:: What is needed ::
From the entries below, reproduce exactly the lines from the one with "d z ,</formula>" through the one with "This sequence (1-2-3-4)", both included, without images.

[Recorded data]
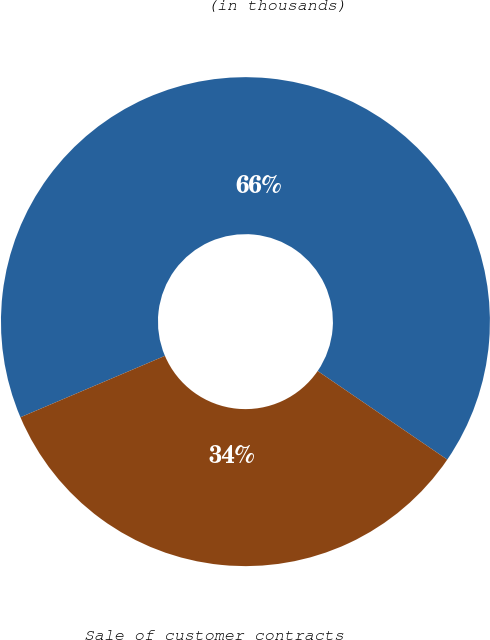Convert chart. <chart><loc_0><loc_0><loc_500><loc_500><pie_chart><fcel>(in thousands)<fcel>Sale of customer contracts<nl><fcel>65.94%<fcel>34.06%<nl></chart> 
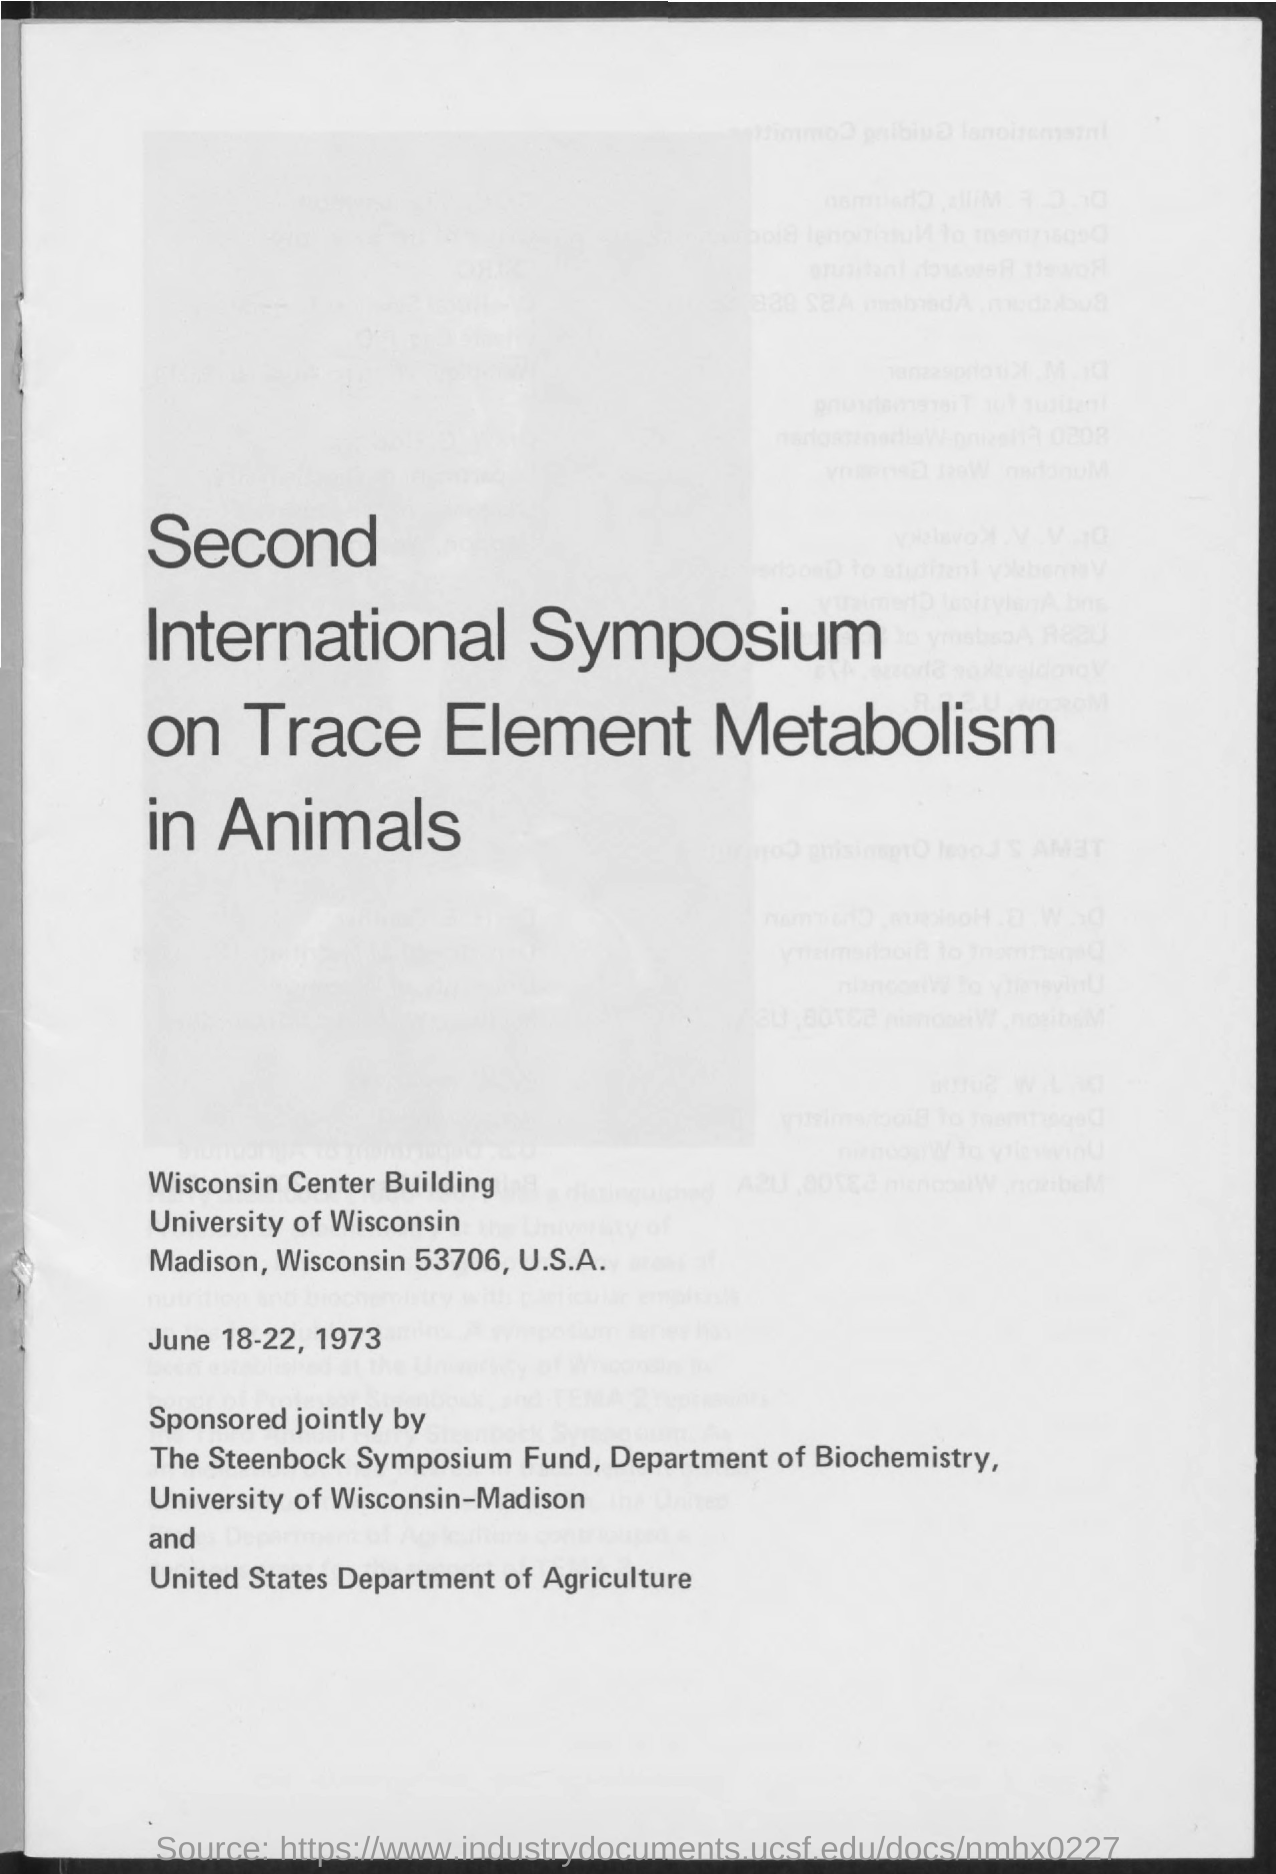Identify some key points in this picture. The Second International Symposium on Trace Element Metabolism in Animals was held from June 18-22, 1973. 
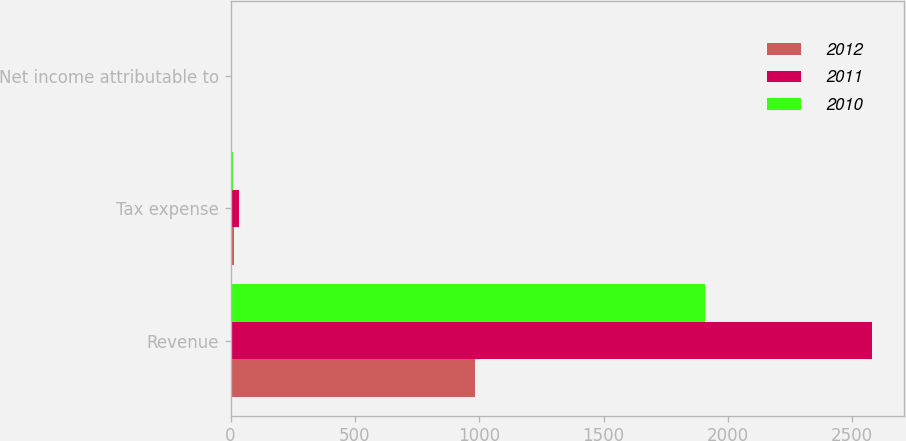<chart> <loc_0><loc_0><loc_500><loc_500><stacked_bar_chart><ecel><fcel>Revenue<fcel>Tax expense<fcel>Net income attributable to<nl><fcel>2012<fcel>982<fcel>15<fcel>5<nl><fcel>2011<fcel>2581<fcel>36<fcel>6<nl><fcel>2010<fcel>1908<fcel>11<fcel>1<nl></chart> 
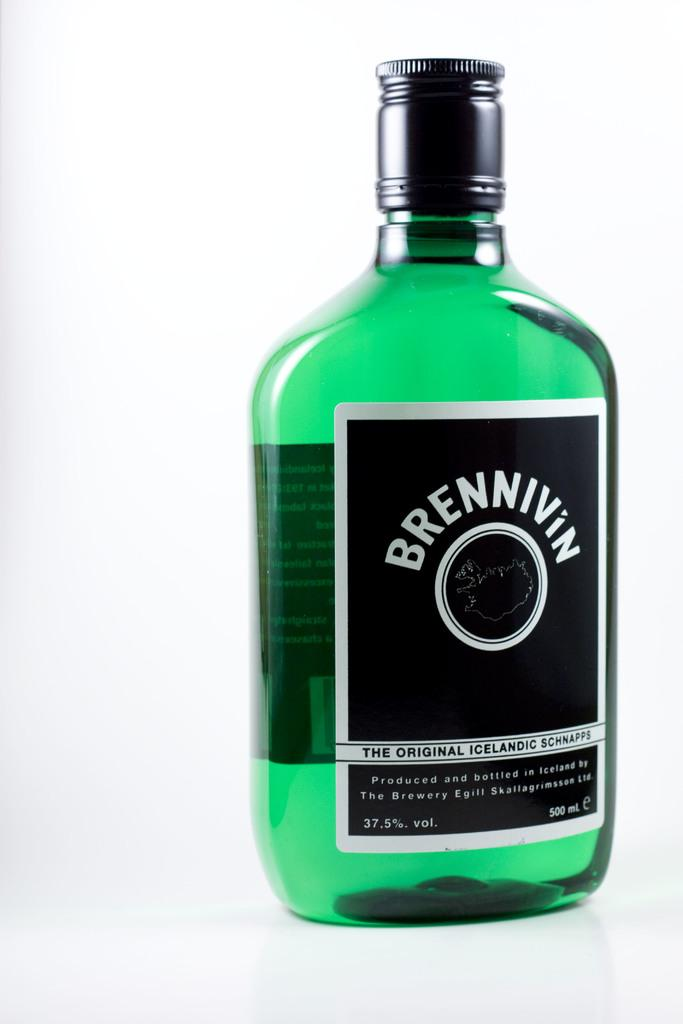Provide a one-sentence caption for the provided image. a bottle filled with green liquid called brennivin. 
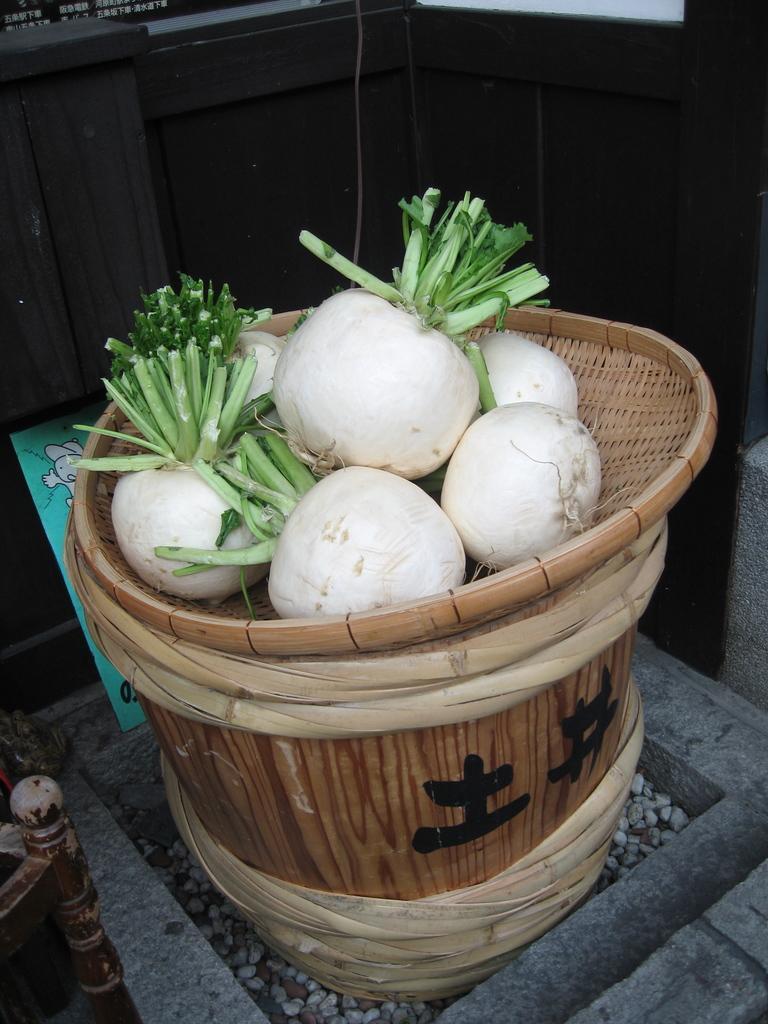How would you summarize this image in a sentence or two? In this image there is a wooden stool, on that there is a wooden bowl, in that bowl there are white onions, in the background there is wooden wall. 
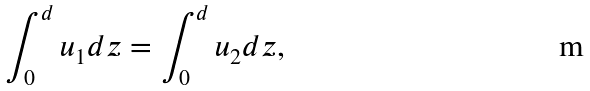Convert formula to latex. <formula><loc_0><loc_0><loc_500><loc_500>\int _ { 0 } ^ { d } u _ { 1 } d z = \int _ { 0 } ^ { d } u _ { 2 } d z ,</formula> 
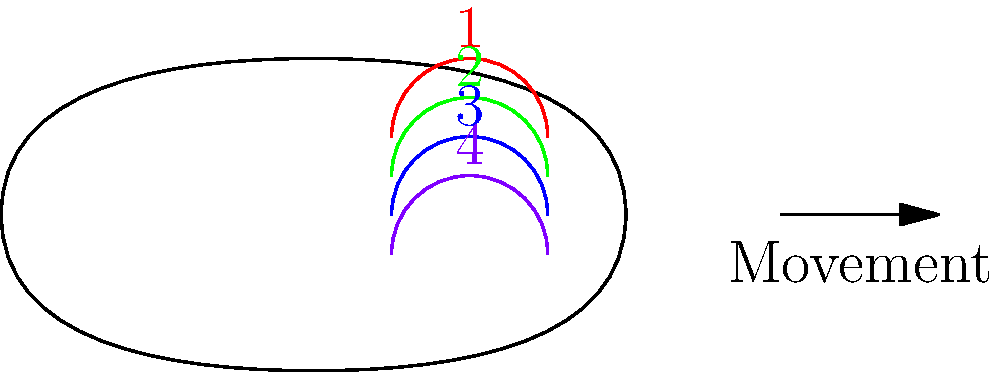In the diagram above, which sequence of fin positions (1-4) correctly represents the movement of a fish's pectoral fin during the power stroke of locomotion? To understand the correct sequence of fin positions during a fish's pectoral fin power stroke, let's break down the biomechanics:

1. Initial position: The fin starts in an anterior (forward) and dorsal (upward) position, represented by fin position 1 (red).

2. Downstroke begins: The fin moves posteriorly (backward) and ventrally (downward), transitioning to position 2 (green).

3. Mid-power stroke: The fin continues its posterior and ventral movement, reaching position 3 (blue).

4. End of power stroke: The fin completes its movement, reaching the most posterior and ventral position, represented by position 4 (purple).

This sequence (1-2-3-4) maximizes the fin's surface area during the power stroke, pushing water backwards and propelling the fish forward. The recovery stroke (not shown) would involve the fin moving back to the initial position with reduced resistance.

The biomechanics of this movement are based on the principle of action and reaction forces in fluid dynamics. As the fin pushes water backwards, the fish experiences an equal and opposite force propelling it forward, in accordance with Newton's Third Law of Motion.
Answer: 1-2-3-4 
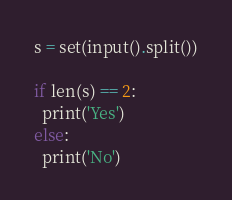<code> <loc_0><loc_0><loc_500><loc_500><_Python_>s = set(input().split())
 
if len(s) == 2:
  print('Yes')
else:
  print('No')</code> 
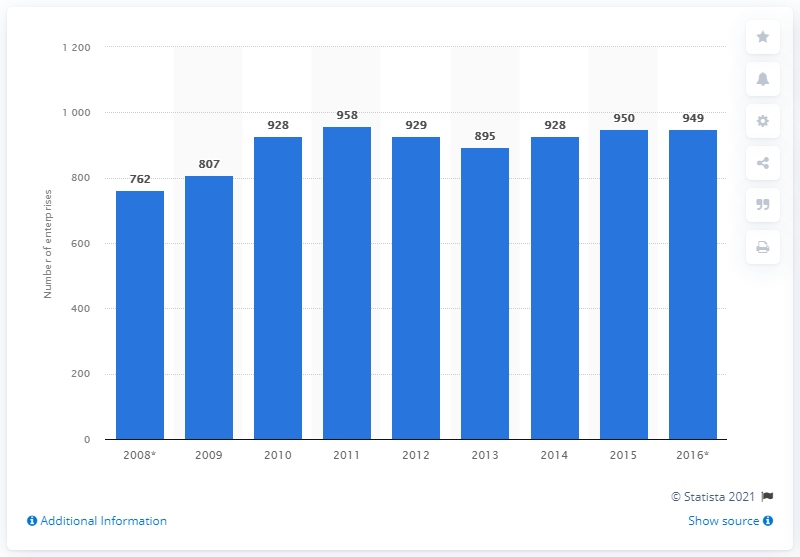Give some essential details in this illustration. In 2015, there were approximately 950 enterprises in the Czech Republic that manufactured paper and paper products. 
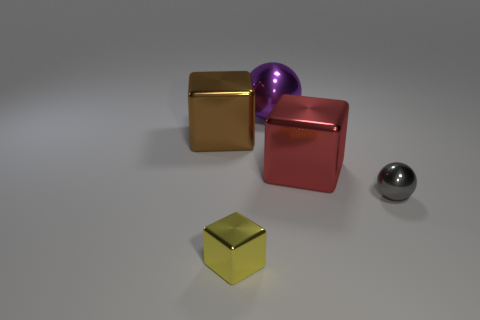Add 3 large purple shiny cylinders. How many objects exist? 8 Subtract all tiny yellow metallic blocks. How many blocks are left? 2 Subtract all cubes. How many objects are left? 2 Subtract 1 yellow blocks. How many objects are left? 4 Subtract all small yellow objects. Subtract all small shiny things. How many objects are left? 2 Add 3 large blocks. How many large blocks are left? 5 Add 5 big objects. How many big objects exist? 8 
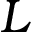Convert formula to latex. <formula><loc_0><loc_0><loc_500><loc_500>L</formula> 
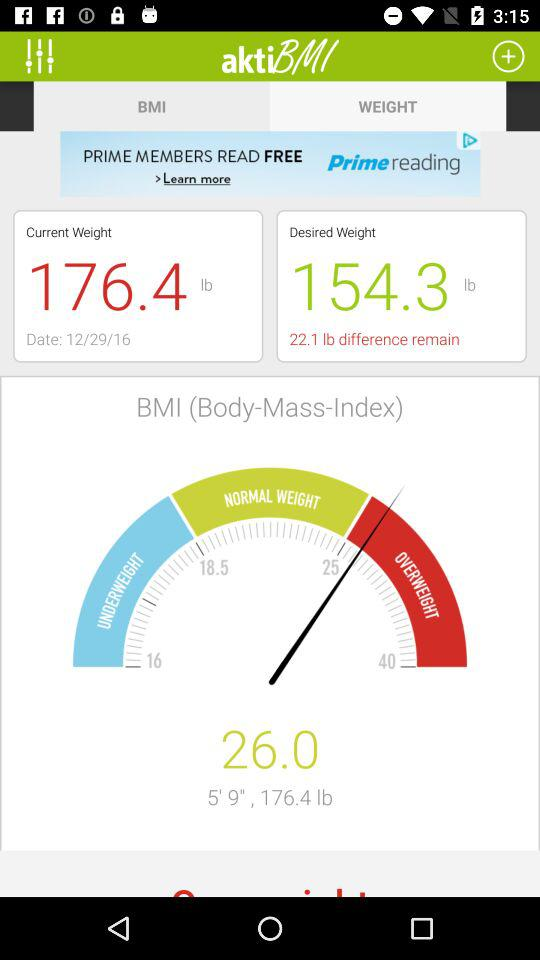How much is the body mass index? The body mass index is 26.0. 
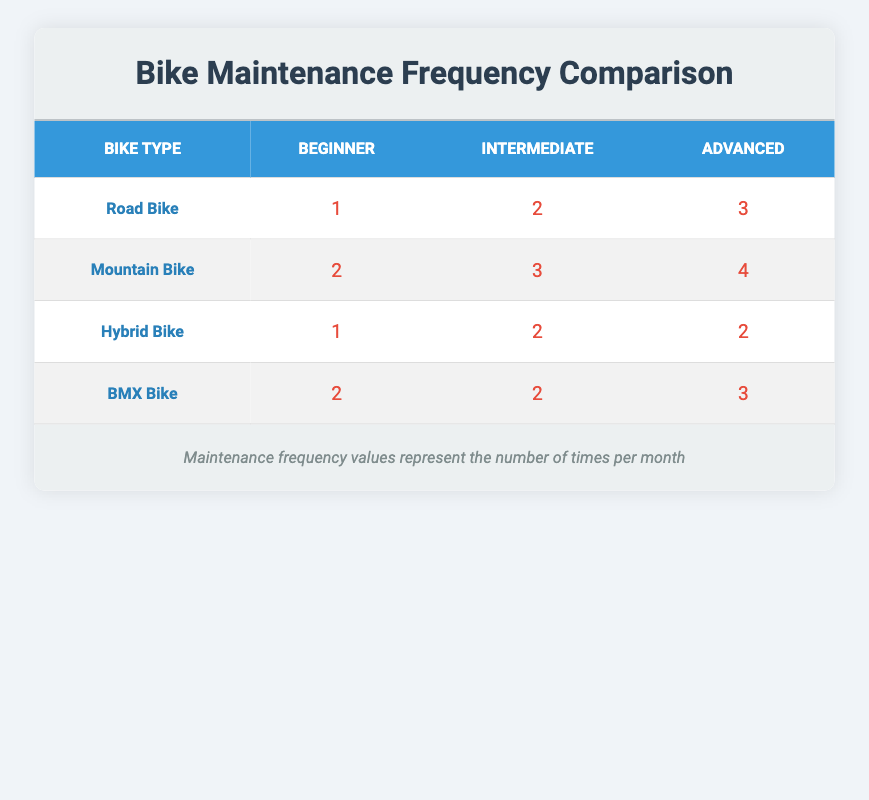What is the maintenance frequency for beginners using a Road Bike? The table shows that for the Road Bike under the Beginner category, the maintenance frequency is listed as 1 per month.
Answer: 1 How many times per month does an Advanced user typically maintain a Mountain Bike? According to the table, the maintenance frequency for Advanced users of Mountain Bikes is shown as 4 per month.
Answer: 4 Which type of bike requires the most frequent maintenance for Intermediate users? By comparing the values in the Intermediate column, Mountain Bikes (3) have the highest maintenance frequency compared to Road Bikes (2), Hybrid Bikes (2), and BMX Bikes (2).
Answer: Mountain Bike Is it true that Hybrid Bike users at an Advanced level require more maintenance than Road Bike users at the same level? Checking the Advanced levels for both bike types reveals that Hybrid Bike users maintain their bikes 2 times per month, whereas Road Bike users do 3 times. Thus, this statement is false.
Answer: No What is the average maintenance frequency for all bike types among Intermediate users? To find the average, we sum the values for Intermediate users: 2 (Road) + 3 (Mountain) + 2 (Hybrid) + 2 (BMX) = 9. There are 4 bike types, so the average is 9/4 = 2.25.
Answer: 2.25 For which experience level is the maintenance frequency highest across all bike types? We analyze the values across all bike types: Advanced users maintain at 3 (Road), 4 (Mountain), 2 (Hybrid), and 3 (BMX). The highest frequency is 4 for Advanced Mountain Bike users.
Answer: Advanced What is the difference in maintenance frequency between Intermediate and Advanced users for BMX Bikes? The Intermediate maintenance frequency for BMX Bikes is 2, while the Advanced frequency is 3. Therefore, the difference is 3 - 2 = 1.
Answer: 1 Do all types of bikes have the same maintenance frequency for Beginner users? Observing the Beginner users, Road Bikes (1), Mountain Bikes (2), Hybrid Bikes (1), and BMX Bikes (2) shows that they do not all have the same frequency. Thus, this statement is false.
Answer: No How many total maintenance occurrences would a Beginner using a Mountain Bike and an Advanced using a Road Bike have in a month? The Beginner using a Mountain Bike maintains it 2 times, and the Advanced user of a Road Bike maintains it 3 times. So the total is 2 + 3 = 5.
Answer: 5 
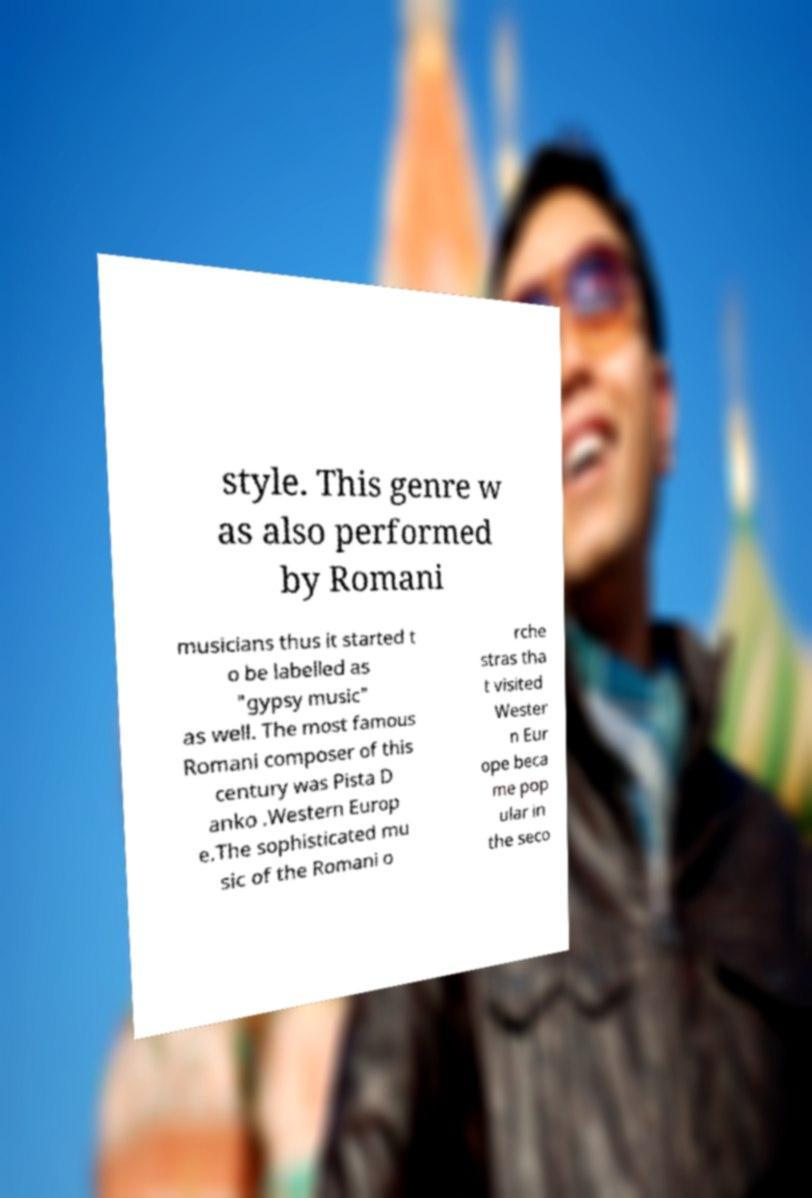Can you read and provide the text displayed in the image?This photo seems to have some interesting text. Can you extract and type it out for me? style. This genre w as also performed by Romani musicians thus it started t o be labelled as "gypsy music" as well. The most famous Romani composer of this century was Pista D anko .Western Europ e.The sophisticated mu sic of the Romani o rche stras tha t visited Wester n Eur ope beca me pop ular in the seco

:: Answer to this problem ::
Convert formula to latex. <formula><loc_0><loc_0><loc_500><loc_500>\int _ { 0 } ^ { d } u _ { 1 } d z = \int _ { 0 } ^ { d } u _ { 2 } d z ,</formula> 
In the diagram above, which sequence of fin positions (1-4) correctly represents the movement of a fish's pectoral fin during the power stroke of locomotion? To understand the correct sequence of fin positions during a fish's pectoral fin power stroke, let's break down the biomechanics:

1. Initial position: The fin starts in an anterior (forward) and dorsal (upward) position, represented by fin position 1 (red).

2. Downstroke begins: The fin moves posteriorly (backward) and ventrally (downward), transitioning to position 2 (green).

3. Mid-power stroke: The fin continues its posterior and ventral movement, reaching position 3 (blue).

4. End of power stroke: The fin completes its movement, reaching the most posterior and ventral position, represented by position 4 (purple).

This sequence (1-2-3-4) maximizes the fin's surface area during the power stroke, pushing water backwards and propelling the fish forward. The recovery stroke (not shown) would involve the fin moving back to the initial position with reduced resistance.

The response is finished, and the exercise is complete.